Pero Manuel Vilas ofrece dos cosas que es difícil
encontrar en los demás, veracidad y poesía. En casi toda obra
literaria la literatura es insoslayable, un velo de mayor o menor
intensidad que se interpone entre el autor y el lector. Al fin, nos
parece que estamos leyendo literatura, una serie de velos tras los
que el autor se oculta, tras los que el lector refrena sus miedos,
tras los que la vida no acaba de presentarse desnuda
e indefensa.
Eso es lo que no está en Manuel Vilas, o está tan bien presentado
que los velos apenas se hacen visibles.

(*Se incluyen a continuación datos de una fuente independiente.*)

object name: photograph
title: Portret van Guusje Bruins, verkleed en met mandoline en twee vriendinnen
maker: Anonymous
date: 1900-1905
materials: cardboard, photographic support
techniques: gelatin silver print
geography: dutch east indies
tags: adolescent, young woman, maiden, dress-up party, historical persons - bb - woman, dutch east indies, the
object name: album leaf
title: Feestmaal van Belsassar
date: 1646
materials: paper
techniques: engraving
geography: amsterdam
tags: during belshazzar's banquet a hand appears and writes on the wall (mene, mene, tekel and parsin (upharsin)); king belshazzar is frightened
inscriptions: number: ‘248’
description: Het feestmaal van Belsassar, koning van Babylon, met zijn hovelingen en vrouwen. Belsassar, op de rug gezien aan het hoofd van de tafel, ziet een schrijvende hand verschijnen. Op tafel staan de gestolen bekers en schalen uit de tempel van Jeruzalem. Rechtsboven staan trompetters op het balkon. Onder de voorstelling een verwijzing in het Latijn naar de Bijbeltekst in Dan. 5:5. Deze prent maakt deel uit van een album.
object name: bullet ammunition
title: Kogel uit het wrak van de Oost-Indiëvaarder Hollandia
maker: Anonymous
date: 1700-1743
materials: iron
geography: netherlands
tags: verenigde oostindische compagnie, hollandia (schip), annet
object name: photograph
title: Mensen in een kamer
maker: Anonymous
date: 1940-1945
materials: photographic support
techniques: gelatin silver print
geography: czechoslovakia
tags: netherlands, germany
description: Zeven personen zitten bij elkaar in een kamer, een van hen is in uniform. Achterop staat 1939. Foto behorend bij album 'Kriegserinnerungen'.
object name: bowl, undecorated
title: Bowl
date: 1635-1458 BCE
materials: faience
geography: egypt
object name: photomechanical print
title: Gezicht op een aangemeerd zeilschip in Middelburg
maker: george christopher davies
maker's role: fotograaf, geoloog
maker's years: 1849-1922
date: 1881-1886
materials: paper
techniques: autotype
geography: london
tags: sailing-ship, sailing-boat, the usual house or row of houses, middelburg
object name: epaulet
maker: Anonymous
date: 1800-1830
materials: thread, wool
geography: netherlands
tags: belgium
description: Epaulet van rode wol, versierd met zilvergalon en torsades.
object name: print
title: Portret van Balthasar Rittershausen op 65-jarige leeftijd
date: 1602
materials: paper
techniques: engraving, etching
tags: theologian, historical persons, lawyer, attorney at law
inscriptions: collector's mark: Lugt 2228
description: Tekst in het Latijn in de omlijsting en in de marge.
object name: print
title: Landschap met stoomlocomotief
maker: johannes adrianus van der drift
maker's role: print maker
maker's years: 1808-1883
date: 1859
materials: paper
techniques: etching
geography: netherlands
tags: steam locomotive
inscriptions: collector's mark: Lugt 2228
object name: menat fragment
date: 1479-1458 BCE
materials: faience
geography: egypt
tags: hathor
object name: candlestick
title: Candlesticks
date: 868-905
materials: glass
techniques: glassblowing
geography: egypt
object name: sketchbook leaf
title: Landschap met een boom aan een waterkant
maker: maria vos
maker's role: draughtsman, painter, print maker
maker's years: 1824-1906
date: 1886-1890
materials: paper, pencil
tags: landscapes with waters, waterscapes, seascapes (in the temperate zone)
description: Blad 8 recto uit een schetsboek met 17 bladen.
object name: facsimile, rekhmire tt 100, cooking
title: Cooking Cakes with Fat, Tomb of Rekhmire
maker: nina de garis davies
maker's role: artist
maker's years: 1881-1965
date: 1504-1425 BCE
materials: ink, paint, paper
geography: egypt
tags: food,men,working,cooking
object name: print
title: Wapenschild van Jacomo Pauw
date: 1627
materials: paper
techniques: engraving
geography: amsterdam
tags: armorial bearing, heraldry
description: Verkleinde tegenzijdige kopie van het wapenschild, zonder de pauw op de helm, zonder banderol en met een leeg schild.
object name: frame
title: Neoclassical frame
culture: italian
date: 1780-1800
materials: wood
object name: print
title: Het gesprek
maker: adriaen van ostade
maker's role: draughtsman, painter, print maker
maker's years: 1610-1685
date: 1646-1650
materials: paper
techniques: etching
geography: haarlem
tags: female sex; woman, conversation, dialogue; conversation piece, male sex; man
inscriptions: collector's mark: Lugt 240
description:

Decía Jose María Valverde
que había que escuchar la voz del poeta para oír su fraseo, cómo
respiraba la frase, sus periodos, para comprenderlo mejor, para
seguir su ritmo.
Al
escuchar
a Manuel Vilas hablando de su novela, de lo que cuenta en su novela,
se oye el ritmo de la vida, la alegría y la tristeza verdaderas.
Ordesa
es un himno sagrado a la vida.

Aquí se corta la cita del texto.